(Collected data entries)

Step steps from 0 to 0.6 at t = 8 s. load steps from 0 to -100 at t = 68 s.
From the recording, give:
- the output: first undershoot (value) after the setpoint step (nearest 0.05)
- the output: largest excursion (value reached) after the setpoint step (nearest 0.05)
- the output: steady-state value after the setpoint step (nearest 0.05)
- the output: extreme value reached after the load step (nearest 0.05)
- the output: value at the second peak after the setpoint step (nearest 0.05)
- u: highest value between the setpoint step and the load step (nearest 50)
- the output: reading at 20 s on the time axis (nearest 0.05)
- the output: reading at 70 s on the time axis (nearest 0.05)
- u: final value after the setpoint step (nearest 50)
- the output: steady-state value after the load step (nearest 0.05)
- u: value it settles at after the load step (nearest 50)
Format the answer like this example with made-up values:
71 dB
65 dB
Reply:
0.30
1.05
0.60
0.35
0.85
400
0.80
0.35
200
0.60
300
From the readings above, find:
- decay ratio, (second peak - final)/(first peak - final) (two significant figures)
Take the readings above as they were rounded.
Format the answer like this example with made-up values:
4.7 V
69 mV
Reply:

» Activity
Return each line of the data where the word "readings" appears.

» Response to the exercise
From the readings above, find:
Take the readings above as they were rounded.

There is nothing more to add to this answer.